= Leland Miyano =

American sculptor

Leland Miyano is an artist, landscape designer and author born and raised in Hawaiʻi. He received his Fine Arts degree from the University of Hawaiʻi at Mānoa.

His books include A Pocket Guide to Hawaiʻi's Flowers (Mutual, 1997), Hawaiʻi's Beautiful Trees, (Mutual, 1997) and with Douglas Peebles, Hawaii: A Floral Paradise (Mutual 1995).

In the field of landscape design, Miyano designed his own 1 acre Kahalu’u garden, featured in Martha Stewart Living, and some of the gardens at The Contemporary Museum, Honolulu. He was a protégé of internationally known Brazilian landscape designer Roberto Burle Marx.

Miyano's work explores man's relationship to nature. Renowned artist Isamu Noguchi encouraged his stone sculpture work and led him from ceramics to the use of volcanic basalt from the local area. His series of large basalt sculptures grace the entrance of the Judiciary Building at Kapolei.

Miyano received the 2008 Catharine E. B. Cox Award for Excellence in the Visual Arts from the Honolulu Museum of Art, resulting in his one-person exhibition, Historia: Naturalia et Artificialia. His work reflects cycles of regeneration in nature and environmental issues.
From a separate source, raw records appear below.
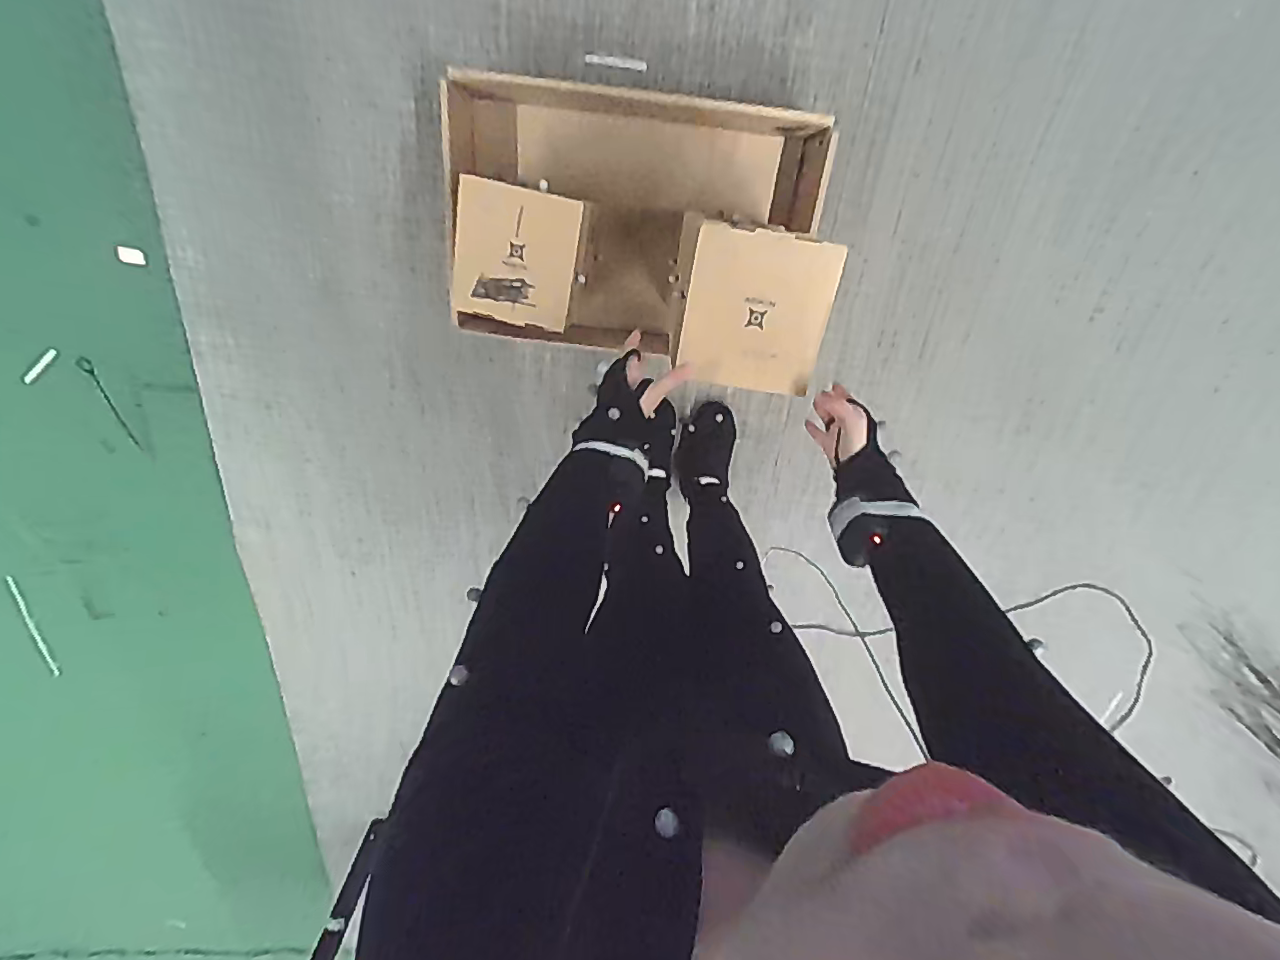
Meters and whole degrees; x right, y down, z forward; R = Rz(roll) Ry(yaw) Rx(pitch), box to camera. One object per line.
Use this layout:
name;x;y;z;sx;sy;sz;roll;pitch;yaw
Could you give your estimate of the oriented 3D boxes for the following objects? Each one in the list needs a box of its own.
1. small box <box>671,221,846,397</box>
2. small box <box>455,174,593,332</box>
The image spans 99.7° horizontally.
small box;0.134;-0.225;0.694;0.168;0.176;0.179;9;116;-3
small box;-0.168;-0.342;0.820;0.168;0.176;0.179;11;115;-5
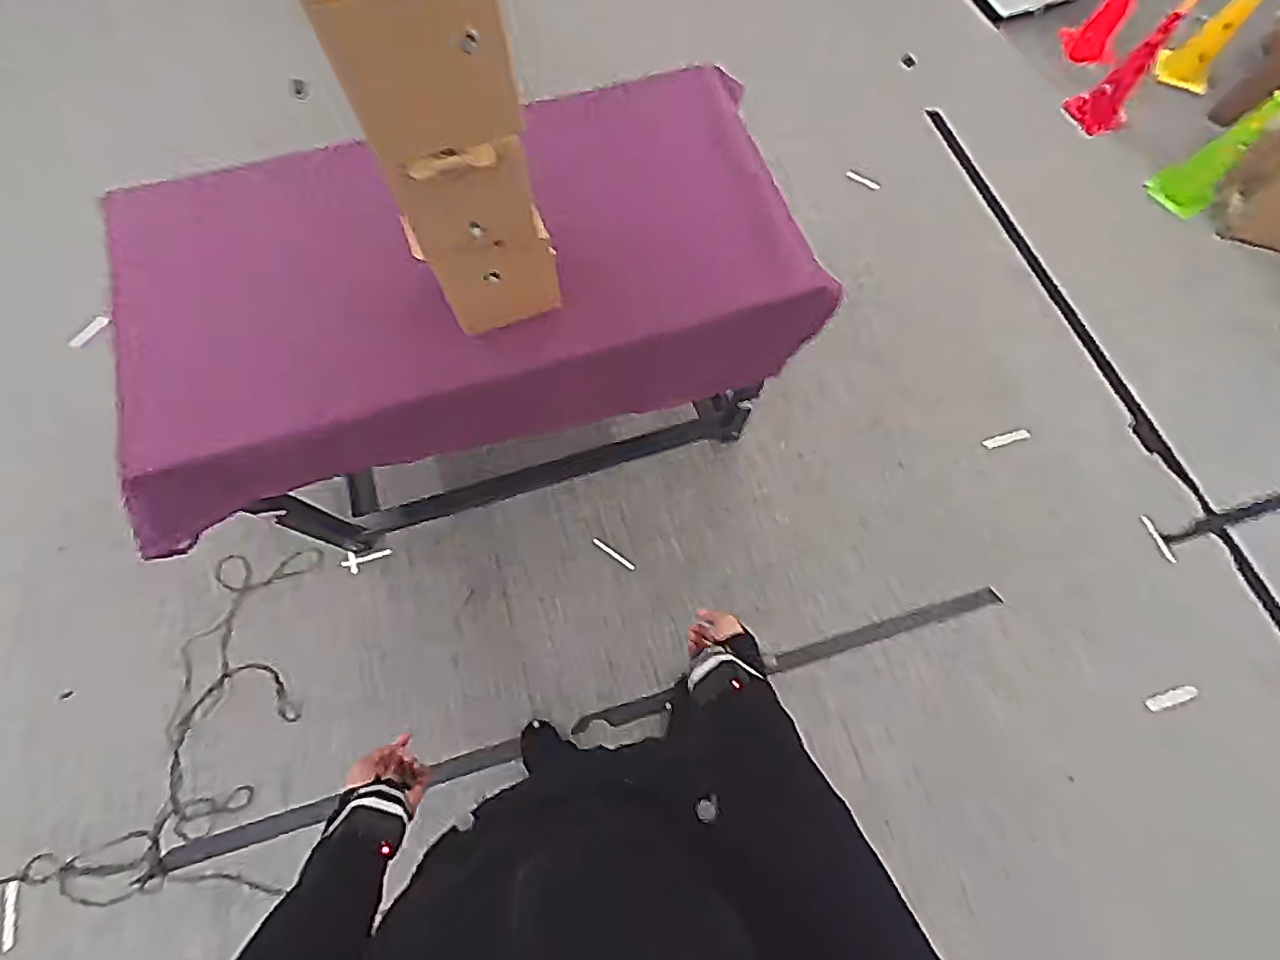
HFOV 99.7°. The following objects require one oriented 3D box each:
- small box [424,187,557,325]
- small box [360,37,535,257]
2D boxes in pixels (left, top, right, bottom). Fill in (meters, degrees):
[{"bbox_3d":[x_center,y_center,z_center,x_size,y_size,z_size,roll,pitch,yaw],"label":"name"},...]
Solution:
[{"bbox_3d":[-0.249,-0.381,0.881,0.179,0.176,0.168,-20,73,-8],"label":"small box"},{"bbox_3d":[-0.248,-0.437,0.726,0.168,0.176,0.179,-15,72,-5],"label":"small box"}]

In 2019, the Honolulu Biennial Foundation named Miyano the first recipient of its Golden Hibiscus Award, a $10,000 unrestricted cash prize given to an artist or collective participating in the biennial. Miyano was selected by a jury composed of Fumio Nanjo, the director of the Mori Art Museum in Tokyo; Christine Y. Kim, associate curator of contemporary art at the Los Angeles County Museum of Art; Konrad Ng, executive director of Shangri La Museum of Islamic Art, Culture & Design in Honolulu; and Isabella Ellaheh “Bella” Hughes, an independent curator and critic. Miyano received the award for his commissioned piece, Huaka’i / A Wake, (2019), which takes the form of a double-hull canoe constructed with invasive plants found in Hawaii and other materials.

The poet W.S. Merwin wrote of him, "Those of us who know him have been aware for years that Leland is a true original, a living treasure among us, and it is fortunate for all of us that his sculpture, with its representations of the irreplaceable life of these islands, is receiving some of the attention and honor it deserves."